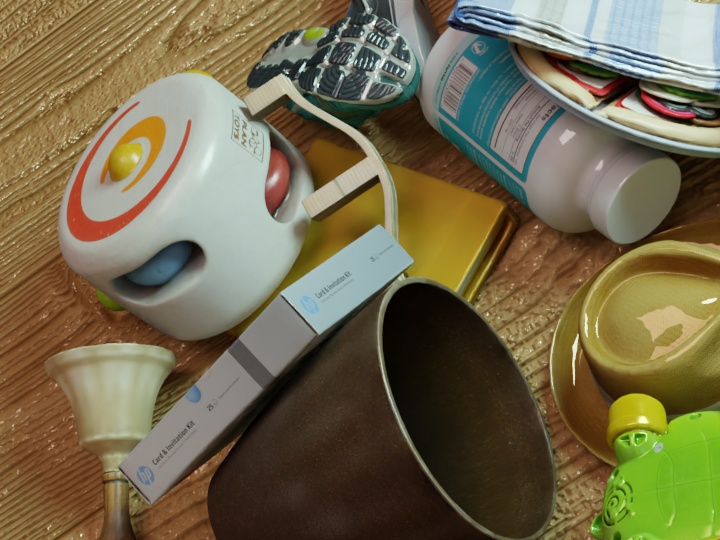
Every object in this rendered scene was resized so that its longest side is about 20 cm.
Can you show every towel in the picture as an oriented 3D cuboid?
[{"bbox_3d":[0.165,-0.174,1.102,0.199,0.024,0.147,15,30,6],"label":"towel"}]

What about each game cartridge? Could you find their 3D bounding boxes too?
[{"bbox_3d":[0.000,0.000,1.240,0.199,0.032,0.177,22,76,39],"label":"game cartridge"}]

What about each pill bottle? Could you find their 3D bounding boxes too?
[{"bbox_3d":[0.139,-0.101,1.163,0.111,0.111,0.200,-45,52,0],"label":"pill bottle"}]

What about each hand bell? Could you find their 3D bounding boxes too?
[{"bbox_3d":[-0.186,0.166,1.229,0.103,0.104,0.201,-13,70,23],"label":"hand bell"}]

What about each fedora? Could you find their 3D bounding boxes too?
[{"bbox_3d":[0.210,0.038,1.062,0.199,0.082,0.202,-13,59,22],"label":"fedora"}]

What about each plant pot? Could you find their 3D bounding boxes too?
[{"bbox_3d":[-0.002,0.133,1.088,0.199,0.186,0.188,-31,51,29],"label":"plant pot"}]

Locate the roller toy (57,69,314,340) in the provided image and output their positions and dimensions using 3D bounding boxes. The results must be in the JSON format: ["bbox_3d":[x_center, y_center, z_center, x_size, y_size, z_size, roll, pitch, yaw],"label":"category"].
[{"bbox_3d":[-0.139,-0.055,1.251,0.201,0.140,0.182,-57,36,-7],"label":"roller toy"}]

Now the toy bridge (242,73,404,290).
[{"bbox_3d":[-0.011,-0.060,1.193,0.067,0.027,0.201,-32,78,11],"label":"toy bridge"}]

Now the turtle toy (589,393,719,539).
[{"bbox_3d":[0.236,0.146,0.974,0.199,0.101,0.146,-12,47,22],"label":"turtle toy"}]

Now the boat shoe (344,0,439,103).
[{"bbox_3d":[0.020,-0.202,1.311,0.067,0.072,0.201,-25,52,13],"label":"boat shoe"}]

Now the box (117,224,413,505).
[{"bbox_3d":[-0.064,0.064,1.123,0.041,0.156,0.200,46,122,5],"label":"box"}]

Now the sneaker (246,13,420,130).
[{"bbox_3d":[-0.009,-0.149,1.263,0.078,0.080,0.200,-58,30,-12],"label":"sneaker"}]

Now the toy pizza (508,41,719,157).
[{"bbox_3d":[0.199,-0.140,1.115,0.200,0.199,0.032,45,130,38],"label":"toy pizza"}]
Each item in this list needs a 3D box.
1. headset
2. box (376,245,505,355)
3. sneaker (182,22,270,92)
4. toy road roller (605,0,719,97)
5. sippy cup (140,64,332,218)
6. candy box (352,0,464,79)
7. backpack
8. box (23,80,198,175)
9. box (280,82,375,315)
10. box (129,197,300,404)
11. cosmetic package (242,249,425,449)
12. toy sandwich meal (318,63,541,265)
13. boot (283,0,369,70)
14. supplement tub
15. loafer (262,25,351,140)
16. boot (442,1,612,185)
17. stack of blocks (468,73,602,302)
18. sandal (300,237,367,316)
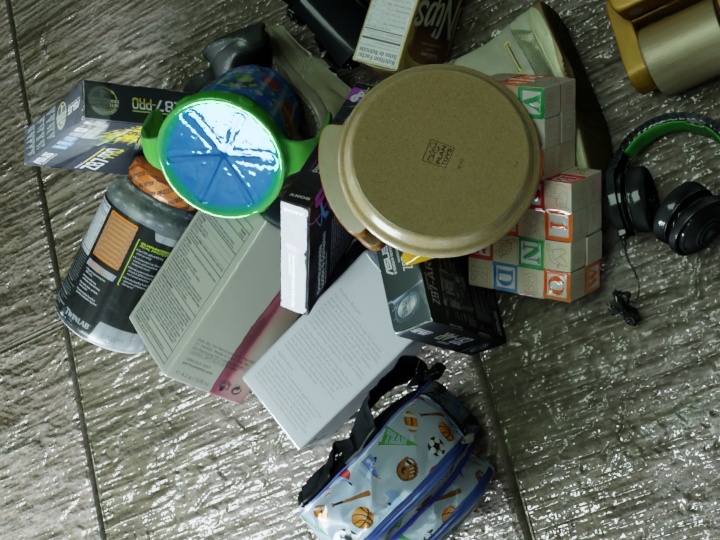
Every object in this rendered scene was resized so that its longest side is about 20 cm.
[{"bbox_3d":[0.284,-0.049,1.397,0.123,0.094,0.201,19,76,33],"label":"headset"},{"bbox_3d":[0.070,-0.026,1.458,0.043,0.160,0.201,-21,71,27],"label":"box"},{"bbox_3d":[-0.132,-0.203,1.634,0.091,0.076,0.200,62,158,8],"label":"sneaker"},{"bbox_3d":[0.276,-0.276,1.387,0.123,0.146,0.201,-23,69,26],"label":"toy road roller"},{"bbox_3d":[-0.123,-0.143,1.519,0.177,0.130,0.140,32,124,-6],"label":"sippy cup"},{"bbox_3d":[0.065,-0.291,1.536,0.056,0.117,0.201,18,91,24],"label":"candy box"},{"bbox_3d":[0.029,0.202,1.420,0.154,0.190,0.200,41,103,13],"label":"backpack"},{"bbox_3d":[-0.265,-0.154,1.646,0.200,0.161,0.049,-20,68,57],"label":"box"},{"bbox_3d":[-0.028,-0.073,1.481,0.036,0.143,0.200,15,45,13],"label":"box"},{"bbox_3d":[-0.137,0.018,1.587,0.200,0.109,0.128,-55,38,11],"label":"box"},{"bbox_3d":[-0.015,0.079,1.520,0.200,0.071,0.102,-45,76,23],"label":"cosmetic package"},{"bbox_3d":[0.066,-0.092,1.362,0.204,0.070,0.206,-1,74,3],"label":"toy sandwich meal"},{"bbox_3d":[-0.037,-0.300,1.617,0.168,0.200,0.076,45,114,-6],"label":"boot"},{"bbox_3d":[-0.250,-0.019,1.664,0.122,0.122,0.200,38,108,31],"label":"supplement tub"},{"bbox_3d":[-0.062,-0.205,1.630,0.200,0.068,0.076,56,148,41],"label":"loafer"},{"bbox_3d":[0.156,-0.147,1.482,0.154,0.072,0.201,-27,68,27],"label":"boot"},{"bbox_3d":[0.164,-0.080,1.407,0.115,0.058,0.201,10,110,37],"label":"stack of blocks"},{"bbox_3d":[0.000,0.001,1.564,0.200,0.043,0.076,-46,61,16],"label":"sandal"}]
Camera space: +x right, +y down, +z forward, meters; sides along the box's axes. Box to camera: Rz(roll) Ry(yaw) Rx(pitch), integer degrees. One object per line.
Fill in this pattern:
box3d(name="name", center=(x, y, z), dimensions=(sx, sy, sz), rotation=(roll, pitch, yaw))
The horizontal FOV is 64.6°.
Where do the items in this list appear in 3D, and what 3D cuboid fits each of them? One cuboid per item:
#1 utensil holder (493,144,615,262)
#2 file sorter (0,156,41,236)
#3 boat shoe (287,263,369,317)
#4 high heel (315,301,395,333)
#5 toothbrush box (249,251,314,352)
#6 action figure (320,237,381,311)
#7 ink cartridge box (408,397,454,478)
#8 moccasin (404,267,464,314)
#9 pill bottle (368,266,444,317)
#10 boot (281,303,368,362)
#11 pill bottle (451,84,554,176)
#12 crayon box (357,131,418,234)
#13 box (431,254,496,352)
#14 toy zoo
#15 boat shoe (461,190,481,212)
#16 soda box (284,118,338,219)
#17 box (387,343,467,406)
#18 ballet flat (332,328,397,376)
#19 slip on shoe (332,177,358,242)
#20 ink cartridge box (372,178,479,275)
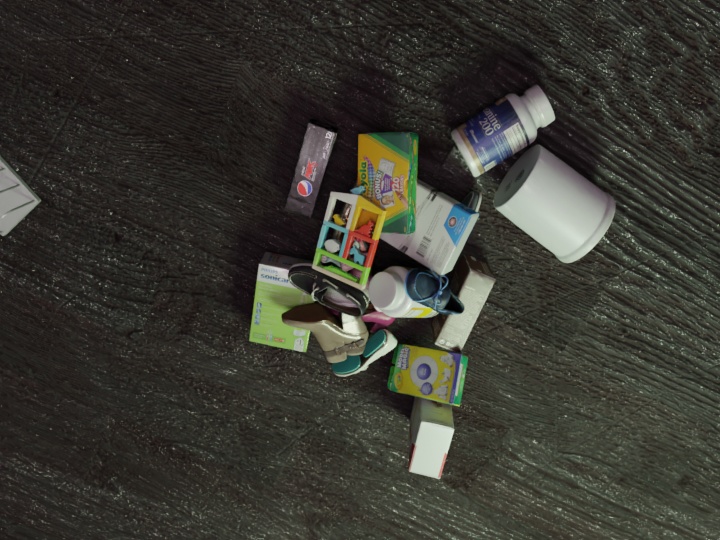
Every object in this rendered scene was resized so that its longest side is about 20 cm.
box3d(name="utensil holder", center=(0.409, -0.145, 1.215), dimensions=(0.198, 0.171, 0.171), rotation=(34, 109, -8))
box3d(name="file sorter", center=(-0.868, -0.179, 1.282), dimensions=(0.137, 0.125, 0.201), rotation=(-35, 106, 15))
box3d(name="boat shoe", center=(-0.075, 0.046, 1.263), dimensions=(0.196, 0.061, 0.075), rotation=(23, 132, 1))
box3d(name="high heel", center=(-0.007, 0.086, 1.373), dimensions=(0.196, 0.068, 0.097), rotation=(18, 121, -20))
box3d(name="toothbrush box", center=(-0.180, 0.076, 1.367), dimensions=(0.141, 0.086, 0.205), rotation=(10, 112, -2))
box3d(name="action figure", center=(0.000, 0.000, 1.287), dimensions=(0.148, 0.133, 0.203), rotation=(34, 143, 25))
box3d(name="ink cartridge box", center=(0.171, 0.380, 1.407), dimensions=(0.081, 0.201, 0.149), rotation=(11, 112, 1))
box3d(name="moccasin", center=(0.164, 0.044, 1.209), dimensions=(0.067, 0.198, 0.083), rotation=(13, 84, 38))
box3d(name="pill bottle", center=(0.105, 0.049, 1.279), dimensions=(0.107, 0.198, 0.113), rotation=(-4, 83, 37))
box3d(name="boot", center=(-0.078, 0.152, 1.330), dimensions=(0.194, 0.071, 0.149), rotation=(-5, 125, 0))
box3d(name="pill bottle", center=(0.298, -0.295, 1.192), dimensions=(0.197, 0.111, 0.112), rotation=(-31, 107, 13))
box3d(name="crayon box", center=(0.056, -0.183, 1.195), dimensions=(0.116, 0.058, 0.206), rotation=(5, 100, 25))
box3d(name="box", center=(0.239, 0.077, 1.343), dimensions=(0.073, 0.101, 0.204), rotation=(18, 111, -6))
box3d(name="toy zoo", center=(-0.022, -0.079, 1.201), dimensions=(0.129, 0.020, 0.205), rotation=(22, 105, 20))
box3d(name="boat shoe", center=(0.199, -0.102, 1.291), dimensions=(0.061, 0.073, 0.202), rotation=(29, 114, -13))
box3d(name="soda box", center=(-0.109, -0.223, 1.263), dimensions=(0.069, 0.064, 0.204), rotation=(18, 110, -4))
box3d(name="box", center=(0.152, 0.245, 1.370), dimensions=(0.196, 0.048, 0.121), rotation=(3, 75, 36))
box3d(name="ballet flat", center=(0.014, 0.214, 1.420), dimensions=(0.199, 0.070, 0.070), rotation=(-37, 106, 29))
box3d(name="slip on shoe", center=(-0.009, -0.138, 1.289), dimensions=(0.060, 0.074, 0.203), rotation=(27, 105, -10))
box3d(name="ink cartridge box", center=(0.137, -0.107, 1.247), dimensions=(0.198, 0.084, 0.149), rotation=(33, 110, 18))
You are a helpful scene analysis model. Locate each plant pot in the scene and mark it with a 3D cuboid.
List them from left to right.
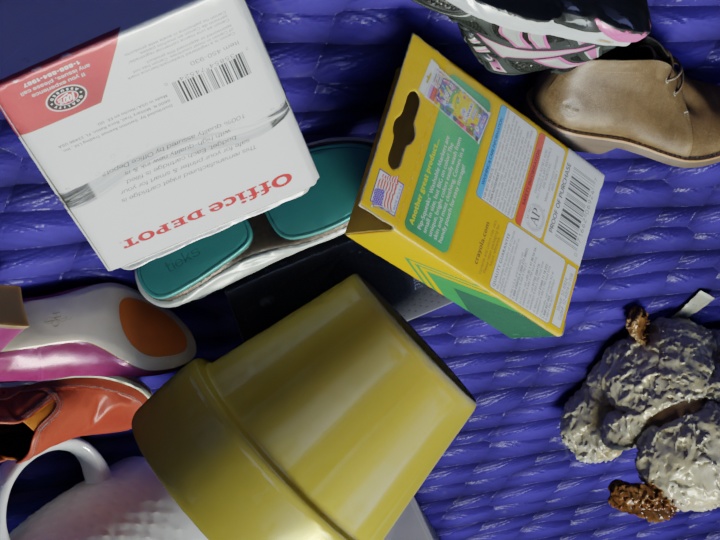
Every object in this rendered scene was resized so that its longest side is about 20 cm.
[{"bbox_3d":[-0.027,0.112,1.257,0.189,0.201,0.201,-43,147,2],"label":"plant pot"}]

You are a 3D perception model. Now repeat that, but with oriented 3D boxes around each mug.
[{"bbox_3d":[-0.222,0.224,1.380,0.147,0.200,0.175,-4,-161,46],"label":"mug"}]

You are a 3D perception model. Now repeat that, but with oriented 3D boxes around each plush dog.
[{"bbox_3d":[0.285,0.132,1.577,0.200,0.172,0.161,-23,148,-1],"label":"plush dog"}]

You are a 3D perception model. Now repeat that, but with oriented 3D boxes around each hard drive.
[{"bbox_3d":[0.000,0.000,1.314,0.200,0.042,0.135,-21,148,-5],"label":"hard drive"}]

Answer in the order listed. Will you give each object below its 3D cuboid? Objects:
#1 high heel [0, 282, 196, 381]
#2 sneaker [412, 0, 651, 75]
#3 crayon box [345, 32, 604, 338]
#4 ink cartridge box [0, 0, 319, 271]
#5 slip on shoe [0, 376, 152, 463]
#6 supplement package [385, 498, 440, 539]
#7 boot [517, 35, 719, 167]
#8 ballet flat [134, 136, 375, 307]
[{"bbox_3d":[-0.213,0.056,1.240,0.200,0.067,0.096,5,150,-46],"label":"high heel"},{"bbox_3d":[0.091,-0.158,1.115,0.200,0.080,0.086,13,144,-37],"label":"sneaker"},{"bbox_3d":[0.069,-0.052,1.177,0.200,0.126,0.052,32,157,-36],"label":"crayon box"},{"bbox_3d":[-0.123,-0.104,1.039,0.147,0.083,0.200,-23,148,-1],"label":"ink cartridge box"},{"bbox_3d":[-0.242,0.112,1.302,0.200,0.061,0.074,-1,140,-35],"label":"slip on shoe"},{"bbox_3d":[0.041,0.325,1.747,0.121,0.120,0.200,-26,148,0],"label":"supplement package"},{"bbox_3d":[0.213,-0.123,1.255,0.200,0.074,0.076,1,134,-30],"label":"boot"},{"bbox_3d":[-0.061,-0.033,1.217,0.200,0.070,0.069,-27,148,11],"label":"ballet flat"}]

• • • •

To do: Copy out the lines of the data where the word "item" can be found.

Problem solution:
Each item in this list needs a 3D box.
Where do the items in this list appear in 3D, and what 3D cuboid fits each of them? One cuboid per item:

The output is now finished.